Neue Teilchen oder Kräfte am Horizont?

Physikwelt schaut gespannt auf Ergebnisse des Muon g-2-Experiments am US-amerikanischen Fermilab

Beschleunigerring von oben

Blick auf den Beschleuniger und das Muon g-2-Experiment. Bild: Reidar Hahn, Fermilab

„Heute ein ganz besonderer Tag“, freut sich Martin Fertl, Physikprofessor an der Universität Mainz und Forscher am Muon g-2-Experiment am Fermilab nahe Chicago, USA. „Wir können ein erstes Ergebnis verkünden und gleichzeitig sagen, dass dieses Ergebnis die Tür zu einer bisher unbekannten Physik noch weiter geöffnet hat.“ Das Experiment hat seit Tagen die Gerüchteküchen der Physikwelt in Atem gehalten. Vor der offiziellen Verkündung der ersten Ergebnisse von Muon g-2 wurde im Vorwege viel spekuliert, ob sie wohl etwas Neues offenbaren oder frühere Hinweise sich doch nicht bestätigen würden. Gute Nachrichten: Es sieht ganz nach etwas Neuem aus! Noch reichen die Daten allerdings noch nicht ganz aus, um von einer Entdeckung zu sprechen.

Das neue Ergebnis bezieht sich auf eine ganz bestimmte physikalische Größe, die schon in der Vergangenheit für viel Kopfzerbrechen gesorgt hat: das magnetischen Moment des Myons. Das Myon ist ein schwerer Verwandter des besser bekannten Elektrons. Sein magnetisches Moment – eine Art innerer Magnet und Drehimpuls, die auch das Elektron besitzt – hat einen Wert, der etwas höher als 2 ist (daher auch die 2 im Namen des Experiments). Dies haben vorherige Untersuchungen herausgefunden. Es gibt sehr genaue Vorhersagen in der grundlegenden Theorie, dem Standardmodell der Teilchenphysik, wie der Wert von 2 abweicht. Mit dem Muon g-2-Experiment können Physikerinnen und Physiker jetzt noch genauer als jede Vorhersage den Wert messen. Jede Abweichung von der Vorhersage deutet darauf hin, dass bisher unbekannte teilchenphysikalische Größen – zum Beispiel neue Teilchen oder Kräfte – dafür verantwortlich sein müssen. So könnte es sich zum Beispiel um schon lange gesuchte supersymmetrische Teilchen handeln, oder Kandidaten für dunkle Materie.
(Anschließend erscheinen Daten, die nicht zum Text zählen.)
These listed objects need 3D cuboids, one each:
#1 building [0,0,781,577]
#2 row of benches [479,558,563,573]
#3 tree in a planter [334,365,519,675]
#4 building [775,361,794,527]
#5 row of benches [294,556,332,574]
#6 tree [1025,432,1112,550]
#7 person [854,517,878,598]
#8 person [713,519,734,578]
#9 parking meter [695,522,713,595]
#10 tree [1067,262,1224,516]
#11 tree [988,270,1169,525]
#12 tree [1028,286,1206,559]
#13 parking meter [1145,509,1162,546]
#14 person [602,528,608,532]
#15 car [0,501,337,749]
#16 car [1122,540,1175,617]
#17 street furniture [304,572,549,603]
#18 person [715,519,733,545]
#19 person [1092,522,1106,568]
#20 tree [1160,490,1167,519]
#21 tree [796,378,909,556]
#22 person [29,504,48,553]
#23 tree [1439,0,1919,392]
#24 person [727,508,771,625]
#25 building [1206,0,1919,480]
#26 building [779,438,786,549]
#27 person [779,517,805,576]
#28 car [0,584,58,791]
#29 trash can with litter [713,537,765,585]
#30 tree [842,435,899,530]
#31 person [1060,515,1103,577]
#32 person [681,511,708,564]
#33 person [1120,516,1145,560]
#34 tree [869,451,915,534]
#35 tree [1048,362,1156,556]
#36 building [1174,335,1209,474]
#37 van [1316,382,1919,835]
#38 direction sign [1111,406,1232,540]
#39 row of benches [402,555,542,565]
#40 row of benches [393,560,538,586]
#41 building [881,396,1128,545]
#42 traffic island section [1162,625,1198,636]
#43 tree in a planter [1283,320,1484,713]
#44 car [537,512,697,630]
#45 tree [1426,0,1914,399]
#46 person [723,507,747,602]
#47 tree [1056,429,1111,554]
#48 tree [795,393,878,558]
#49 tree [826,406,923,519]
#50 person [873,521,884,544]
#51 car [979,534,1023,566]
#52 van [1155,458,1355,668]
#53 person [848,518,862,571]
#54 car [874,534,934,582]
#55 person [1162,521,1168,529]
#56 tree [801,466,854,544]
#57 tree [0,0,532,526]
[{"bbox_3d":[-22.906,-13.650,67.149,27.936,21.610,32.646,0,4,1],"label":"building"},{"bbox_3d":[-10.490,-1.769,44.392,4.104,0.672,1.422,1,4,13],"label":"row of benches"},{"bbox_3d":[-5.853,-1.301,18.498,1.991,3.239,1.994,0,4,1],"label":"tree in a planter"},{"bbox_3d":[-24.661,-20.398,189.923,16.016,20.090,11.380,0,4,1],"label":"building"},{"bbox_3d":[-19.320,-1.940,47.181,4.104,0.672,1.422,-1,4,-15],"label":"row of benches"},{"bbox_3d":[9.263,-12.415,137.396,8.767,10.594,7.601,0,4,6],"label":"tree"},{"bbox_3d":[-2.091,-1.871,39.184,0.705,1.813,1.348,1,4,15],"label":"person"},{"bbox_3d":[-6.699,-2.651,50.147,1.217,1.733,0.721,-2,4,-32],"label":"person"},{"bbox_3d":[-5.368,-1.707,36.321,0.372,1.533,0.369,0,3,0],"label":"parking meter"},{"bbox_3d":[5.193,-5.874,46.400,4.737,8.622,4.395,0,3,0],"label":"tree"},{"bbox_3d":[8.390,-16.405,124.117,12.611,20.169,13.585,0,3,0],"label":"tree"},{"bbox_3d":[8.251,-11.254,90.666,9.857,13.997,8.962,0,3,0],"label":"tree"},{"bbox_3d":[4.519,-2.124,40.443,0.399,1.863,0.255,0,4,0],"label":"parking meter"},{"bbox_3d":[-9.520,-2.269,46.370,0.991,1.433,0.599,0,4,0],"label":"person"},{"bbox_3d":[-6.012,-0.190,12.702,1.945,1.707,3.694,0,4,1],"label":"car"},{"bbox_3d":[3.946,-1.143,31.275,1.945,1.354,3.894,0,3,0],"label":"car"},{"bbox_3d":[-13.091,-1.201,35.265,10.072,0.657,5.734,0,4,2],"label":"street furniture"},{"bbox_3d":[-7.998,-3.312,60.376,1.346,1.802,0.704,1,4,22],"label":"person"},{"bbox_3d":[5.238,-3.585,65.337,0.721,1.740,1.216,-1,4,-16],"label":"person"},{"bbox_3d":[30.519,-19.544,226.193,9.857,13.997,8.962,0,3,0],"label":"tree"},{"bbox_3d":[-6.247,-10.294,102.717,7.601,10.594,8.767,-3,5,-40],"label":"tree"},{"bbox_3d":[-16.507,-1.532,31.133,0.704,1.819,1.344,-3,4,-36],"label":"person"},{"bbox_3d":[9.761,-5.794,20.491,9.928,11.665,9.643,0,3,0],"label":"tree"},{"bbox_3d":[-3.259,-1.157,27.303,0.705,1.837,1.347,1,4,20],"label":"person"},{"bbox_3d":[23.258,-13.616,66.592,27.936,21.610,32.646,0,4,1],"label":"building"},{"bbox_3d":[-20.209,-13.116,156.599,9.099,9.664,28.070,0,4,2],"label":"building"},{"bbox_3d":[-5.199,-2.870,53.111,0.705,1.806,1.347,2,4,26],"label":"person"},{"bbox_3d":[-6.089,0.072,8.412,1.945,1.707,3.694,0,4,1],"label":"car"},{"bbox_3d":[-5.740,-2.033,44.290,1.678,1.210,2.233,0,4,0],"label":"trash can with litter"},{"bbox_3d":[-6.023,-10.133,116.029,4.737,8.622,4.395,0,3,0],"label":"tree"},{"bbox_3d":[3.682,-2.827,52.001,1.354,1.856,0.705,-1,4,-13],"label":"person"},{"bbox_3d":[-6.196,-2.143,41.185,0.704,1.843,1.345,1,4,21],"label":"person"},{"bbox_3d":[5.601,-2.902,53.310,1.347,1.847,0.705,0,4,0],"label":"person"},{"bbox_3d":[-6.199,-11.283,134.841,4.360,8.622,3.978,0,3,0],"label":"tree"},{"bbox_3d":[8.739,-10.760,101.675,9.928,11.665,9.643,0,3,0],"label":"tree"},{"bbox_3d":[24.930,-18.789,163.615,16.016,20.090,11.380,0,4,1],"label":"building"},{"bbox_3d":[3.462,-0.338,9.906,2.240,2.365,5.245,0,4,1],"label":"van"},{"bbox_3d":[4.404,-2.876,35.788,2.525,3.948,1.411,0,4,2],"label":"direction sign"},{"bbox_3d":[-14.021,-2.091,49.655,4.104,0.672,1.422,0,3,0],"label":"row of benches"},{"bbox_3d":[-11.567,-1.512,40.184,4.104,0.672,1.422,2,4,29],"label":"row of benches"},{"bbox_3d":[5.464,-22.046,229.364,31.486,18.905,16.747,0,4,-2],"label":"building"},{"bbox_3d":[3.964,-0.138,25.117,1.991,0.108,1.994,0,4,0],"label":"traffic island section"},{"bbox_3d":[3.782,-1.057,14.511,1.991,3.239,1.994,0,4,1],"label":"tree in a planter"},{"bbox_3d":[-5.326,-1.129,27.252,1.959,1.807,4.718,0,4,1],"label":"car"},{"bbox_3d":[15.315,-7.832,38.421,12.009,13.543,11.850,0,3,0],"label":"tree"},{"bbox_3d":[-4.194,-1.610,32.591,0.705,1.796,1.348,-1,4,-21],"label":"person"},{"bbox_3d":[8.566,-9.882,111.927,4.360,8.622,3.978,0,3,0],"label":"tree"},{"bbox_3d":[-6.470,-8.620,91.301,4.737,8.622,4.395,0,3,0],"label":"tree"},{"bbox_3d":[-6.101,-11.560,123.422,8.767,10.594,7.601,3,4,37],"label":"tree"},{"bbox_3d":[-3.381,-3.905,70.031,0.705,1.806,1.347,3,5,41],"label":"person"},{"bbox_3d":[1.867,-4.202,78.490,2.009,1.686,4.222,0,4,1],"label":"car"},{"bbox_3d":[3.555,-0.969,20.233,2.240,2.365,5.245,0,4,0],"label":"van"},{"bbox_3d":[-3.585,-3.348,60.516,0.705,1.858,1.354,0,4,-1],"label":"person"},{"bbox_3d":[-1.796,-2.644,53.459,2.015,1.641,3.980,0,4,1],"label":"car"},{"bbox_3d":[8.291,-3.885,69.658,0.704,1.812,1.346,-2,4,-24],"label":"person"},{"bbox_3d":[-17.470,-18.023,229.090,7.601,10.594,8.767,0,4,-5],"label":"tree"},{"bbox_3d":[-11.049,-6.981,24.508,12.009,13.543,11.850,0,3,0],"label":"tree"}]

Martin Fertl und seine Mainzer Gruppe, die am Exzellenzcluster PRISMA+ forscht, haben wichtige Beiträge zu den Präzisionsmessungen am Experiment geleistet. „Wir erreichen bereits bei unserer ersten Analyse eine Genauigkeit, die schon etwas besser ist als bei dem Vorgängerexperiment – und haben dazu erst weniger als 6 Prozent des geplanten Datensatzes ausgewertet“, erklärt Fertl. Am Ende soll mit dem Muon g-2 Experiment eine viermal höhere Genauigkeit der Messungen erreicht werden, was das Rätsel des abweichen magnetischen Moments endgültig klären sollte.

Mehr dazu in der Pressemeldung der Uni Mainz.

In der Muon g-2-Kollaboration arbeiten mehr als 200 Wissenschaftlerinnen und Wissenschaftler von 35 Institutionen aus sieben Ländern. Das Experiment besteht aus einem Speicherring, der am US-amerikanischen Forschungslabor Fermilab nahe Chicago betrieben wird, um den herum hochpräzise Detektoren die abgestrahlten Teilchen registrieren.